5 de maio de 2011

Como vencer um debate sem precisar ter razão

A internet não criou, mais ajudou a disseminar um arquétipo comum desde os tempos da Grécia antiga: o sofista de boteco. Essa figura que povoa o inconsciente coletivo é conhecida por manejar a arte da crítica pela crítica, lançando argumentos embasados somente no senso comum ou na pseudo-obviedade e cuja retórica serve apenas para mostrar uma posição qualquer de contrariedade, como se isso fosse uma prova de sua inteligência. Tal qual na Jornada do Herói, a retórica neossofista mítica segue algumas etapas universais que costumam se repetir, e isso vale tanto na internet quanto na vida real:

1) O lugar-comum: toda discussão vazia que se preze começa com um neossofista usando lugares-comuns para defender uma ideia. Brasileiro é folgado, classe média é alienada, político é corrupto, qualquer generalização cabe aqui. Quando algum incauto fisga a armadilha, a aventura começa.

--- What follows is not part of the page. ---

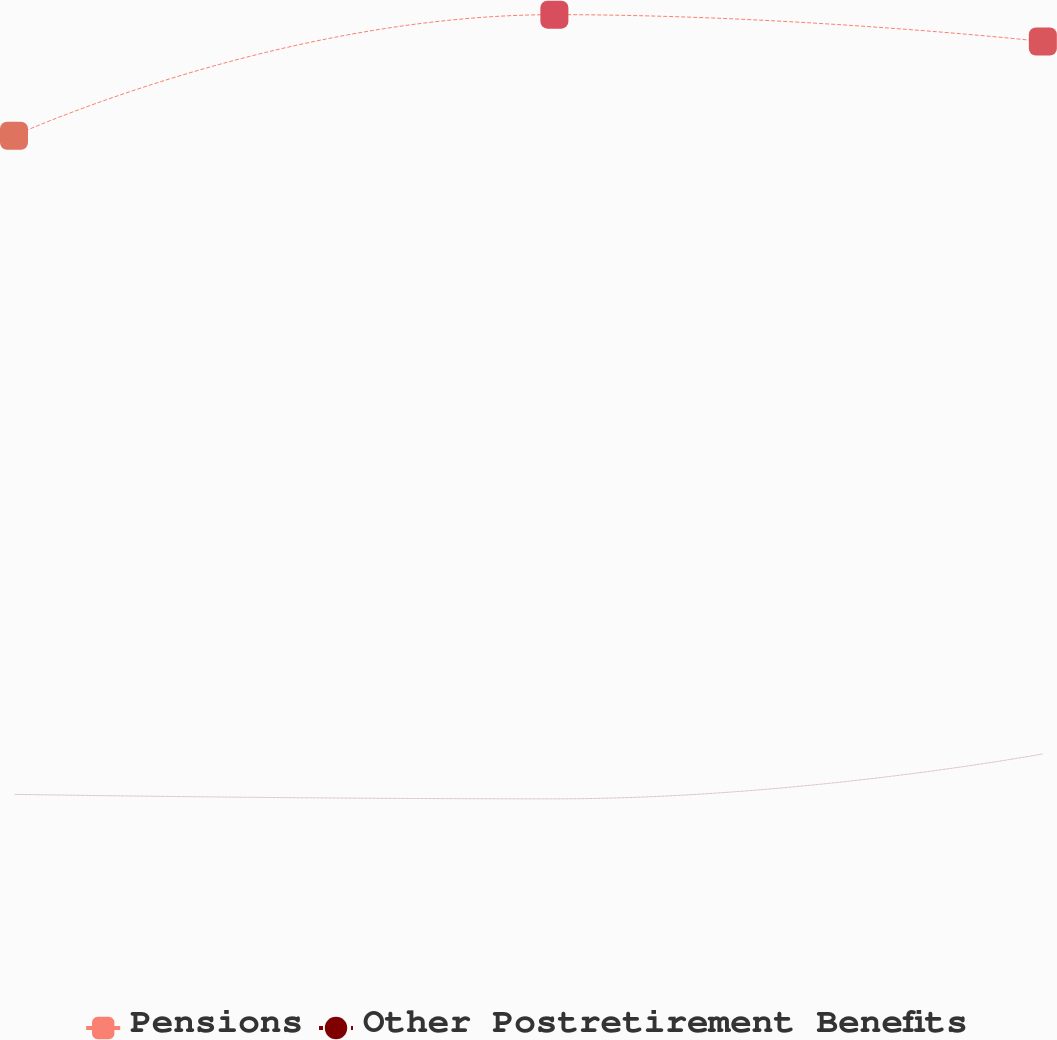<chart> <loc_0><loc_0><loc_500><loc_500><line_chart><ecel><fcel>Pensions<fcel>Other Postretirement Benefits<nl><fcel>1689.96<fcel>2917.64<fcel>516.42<nl><fcel>1961.19<fcel>3359.04<fcel>500.02<nl><fcel>2206.37<fcel>3261.28<fcel>664.02<nl><fcel>2269.4<fcel>3310.16<fcel>597.41<nl><fcel>2332.43<fcel>2817.76<fcel>532.82<nl></chart>

2) A dialética minimalista: Diferentemente do método dialético habitual, o neossofista cria a maior quantidade possível de teses para que se criem cada vez mais antíteses. Isso porque se a discussão chegar a uma síntese, a coisa complica para o nosso anti-herói, então quanto mais teses forem criadas, melhor. A premissa básica dessa técnica é a de tomar posse do jogo, cadenciar a bola, tocando de lado e evitando os contra-ataques.

4) O rali: Outra técnica usual de um sofista é o de rebater todo e qualquer argumento adversários, por mais lógico que ele pareça. Se disserem não, diga sim. Se disserem sim, diga não. Não importa muito se o que o outro diz faz sentido, o importante é não dar munição ao inimigo.

3) Desvio da rota: Quando o sofista começa a perder o controle da situação e a discussão se aproxima do ponto central do debate, é hora de mudar de assunto. Como um zagueiro que despacha a bola para fora da área, o sofista cria um novo tópico completamente diferente do que estava sendo discutido. Essa medida de desespero serve somente para ganhar tempo já que o adversário continua na pressão dentro do seu campo.

5) Ataque ao argumentador: Chegamos ao clímax da trama. Quando a situação estiver crítica e nada mais funcionar, o sofista passa a atacar o argumentador ao invés do argumento. Normalmente, o primeiro passo é criticar a gramática do adversário. Depois, qualquer característica do seu modo de vida que não corresponda à moral e aos bons costumes está valendo. Se essa etapa não acontecer, possivelmente o debatedor não é um neossofista.

6) A martirização: Esse é o golpe mais sujo, mas também o mais fatal de um sofista – tipo o especial de apagar as luzes do Akuma. Nesse ponto do debate os argumentadores de ambos os lados já estão trocando insinuações e ironias, mas só o sofista usa esse artifício para acusar falta grave. A dor moral de ter sido insultado após distribuir acusações rasteiras a torto e a direito tem o objetivo de amolecer o coração da plateia ingênua, um último respiro antes do fim.

7) A última palavra: O archievement de um sofista é ter a palavra final de uma discussão. Nem que seja para escrever um simplório “ok”, o importante é ser o último a comentar. Uma outra saída é a de dar o ponto final no entrave unilateralmente, afirmando “não vou mais discutir esse assunto” ou algo do tipo. A derrota é óbvia, mas ter a palavra final é como perder de 1 a 0 do Barcelona: é muito melhor do que tomar de 5, mas ainda é uma derrota.